● WHAT TO WORK ON
Would you transcribe each entry precisely as it stands, setting aside any images?

● SOURCE MATERIAL
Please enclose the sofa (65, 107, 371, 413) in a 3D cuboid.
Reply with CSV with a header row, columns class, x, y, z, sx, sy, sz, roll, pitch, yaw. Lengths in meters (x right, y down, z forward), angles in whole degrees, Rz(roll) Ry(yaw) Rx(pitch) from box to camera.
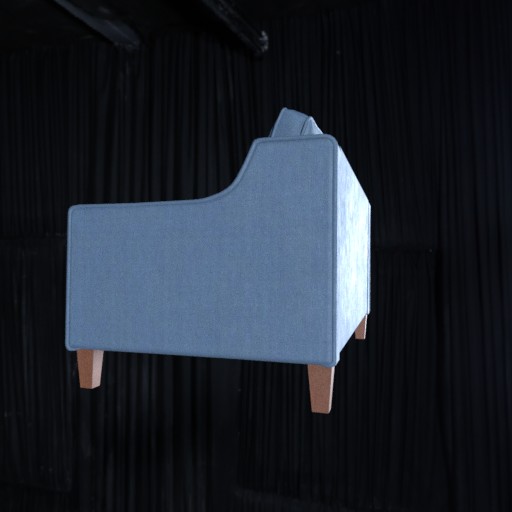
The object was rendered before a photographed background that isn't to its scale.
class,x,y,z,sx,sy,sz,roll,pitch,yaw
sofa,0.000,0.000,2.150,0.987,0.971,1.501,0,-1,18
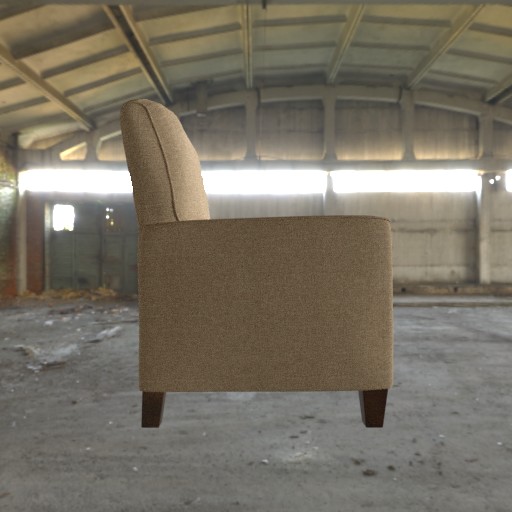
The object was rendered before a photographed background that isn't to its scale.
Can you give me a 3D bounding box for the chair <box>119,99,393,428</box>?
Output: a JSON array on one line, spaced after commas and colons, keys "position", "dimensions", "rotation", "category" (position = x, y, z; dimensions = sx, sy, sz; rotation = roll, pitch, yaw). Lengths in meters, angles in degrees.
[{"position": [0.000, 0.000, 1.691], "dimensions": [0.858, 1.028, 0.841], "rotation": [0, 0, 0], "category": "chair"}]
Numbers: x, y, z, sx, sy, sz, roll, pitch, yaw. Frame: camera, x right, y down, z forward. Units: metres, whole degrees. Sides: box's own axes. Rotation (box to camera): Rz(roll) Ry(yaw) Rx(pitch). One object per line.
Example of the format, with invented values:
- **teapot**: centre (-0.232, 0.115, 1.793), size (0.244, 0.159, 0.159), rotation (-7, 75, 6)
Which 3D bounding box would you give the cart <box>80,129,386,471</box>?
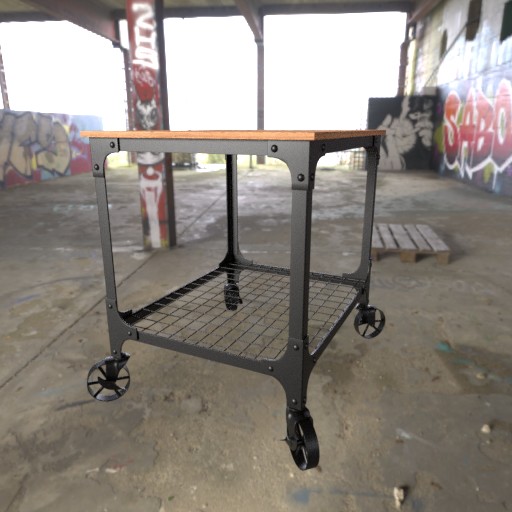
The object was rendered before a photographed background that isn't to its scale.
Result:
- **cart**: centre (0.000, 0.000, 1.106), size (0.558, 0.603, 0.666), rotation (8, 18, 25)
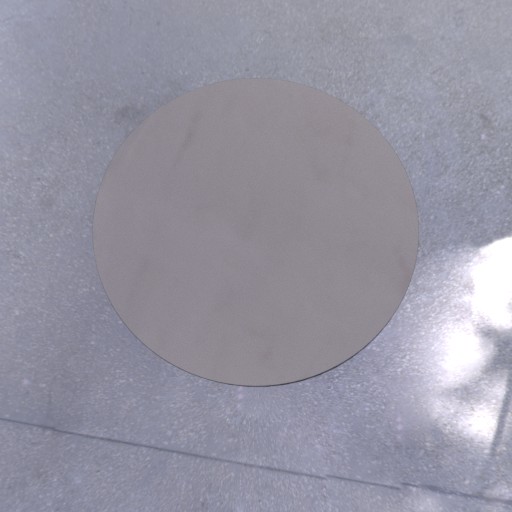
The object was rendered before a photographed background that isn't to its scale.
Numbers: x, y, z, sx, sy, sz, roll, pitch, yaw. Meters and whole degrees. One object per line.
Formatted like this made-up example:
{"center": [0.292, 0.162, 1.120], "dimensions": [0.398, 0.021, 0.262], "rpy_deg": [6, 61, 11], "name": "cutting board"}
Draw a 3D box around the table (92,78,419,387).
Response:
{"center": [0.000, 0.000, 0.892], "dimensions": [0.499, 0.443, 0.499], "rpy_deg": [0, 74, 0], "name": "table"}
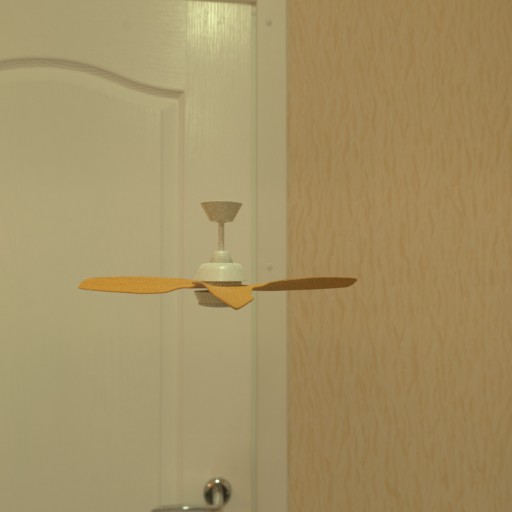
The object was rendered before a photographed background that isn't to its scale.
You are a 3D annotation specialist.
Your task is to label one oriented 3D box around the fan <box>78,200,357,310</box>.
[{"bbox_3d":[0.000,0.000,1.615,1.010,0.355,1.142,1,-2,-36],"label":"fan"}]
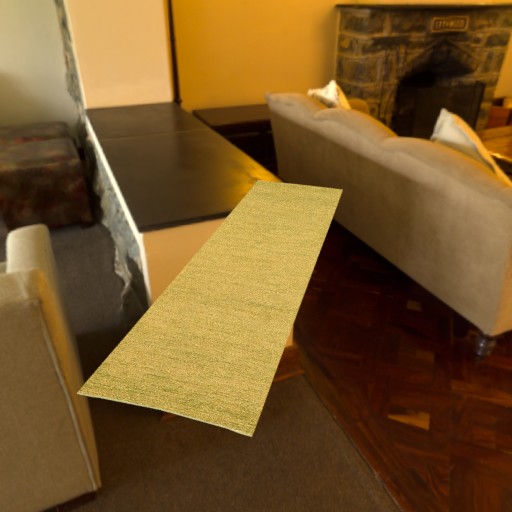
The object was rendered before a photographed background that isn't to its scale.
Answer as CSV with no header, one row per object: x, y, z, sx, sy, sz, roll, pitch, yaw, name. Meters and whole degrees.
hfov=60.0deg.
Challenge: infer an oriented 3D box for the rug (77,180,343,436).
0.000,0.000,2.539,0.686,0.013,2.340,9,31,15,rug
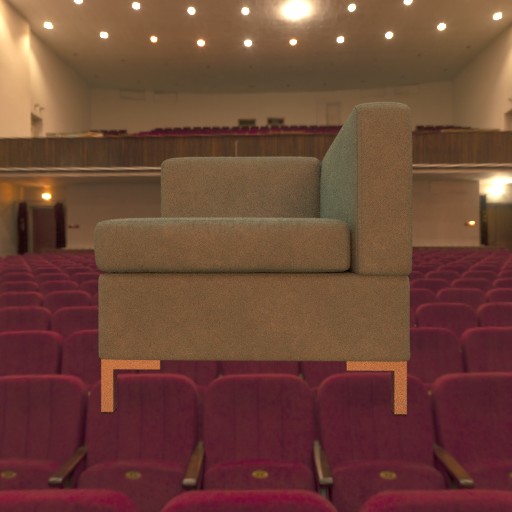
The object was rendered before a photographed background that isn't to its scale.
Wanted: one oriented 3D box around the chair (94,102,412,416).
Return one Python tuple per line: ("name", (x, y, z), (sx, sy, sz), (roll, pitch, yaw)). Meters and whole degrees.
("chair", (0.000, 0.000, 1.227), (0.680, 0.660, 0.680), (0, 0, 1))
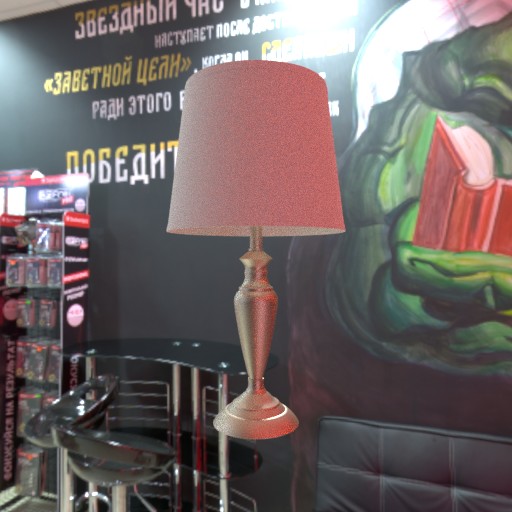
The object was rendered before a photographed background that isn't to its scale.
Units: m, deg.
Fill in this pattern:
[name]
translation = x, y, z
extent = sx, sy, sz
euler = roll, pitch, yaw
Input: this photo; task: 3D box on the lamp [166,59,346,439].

● WRITTEN SOLUTION
Please enclose the sofa (65, 107, 371, 413) in a 3D cuboid.
Reply with CSV with a header row, columns class, x, y, z, sx, sy, sz, roll, pitch, yaw. Lengths in meters (x right, y down, z forward), angles in whole degrees, Rz(roll) Ry(yaw) Rx(pitch) from box to camera.
The object was rendered before a photographed background that isn't to its scale.
class,x,y,z,sx,sy,sz,roll,pitch,yaw
sofa,0.000,0.000,2.150,0.987,0.971,1.501,0,-1,18
The object was rendered before a photographed background that isn't to its scale.
Can you give me a 3D bounding box for the chair <box>119,99,393,428</box>?
Output: a JSON array on one line, spaced after commas and colons, keys "position", "dimensions", "rotation", "category" (position = x, y, z; dimensions = sx, sy, sz; rotation = roll, pitch, yaw). Lengths in meters, angles in degrees.
[{"position": [0.000, 0.000, 1.691], "dimensions": [0.858, 1.028, 0.841], "rotation": [0, 0, 0], "category": "chair"}]
Numbers: x, y, z, sx, sy, sz, roll, pitch, yaw. Frame: camera, x right, y down, z forward. Units: metres, whole degrees. Sides: box's own axes. Rotation (box to camera): Rz(roll) Ry(yaw) Rx(pitch). One object per line.
Example of the format, with invented values:
- **teapot**: centre (-0.232, 0.115, 1.793), size (0.244, 0.159, 0.159), rotation (-7, 75, 6)
Which 3D bounding box would you give the cart <box>80,129,386,471</box>?
The object was rendered before a photographed background that isn't to its scale.
Result:
- **cart**: centre (0.000, 0.000, 1.106), size (0.558, 0.603, 0.666), rotation (8, 18, 25)
The object was rendered before a photographed background that isn't to its scale.
Numbers: x, y, z, sx, sy, sz, roll, pitch, yaw. Meters and whole degrees. One object per line.
Formatted like this made-up example:
{"center": [0.292, 0.162, 1.120], "dimensions": [0.398, 0.021, 0.262], "rpy_deg": [6, 61, 11], "name": "cutting board"}
Draw a 3D box around the table (92,78,419,387).
Response:
{"center": [0.000, 0.000, 0.892], "dimensions": [0.499, 0.443, 0.499], "rpy_deg": [0, 74, 0], "name": "table"}
The object was rendered before a photographed background that isn't to its scale.
You are a 3D annotation specialist.
Your task is to label one oriented 3D box around the fan <box>78,200,357,310</box>.
[{"bbox_3d":[0.000,0.000,1.615,1.010,0.355,1.142,1,-2,-36],"label":"fan"}]
The object was rendered before a photographed background that isn't to its scale.
Answer as CSV with no header, one row per object: x, y, z, sx, sy, sz, roll, pitch, yaw, name. Meters and whole degrees.
hfov=60.0deg.
Challenge: infer an oriented 3D box for the rug (77,180,343,436).
0.000,0.000,2.539,0.686,0.013,2.340,9,31,15,rug
The object was rendered before a photographed background that isn't to its scale.
Wanted: one oriented 3D box around the chair (94,102,412,416).
Return one Python tuple per line: ("name", (x, y, z), (sx, sy, sz), (roll, pitch, yaw)). Meters and whole degrees.
("chair", (0.000, 0.000, 1.227), (0.680, 0.660, 0.680), (0, 0, 1))
The object was rendered before a photographed background that isn't to its scale.
Units: m, deg.
Fill in this pattern:
[name]
translation = x, y, z
extent = sx, sy, sz
euler = roll, pitch, yaw
Input: this photo; task: 3D box on the lamp [166,59,346,439].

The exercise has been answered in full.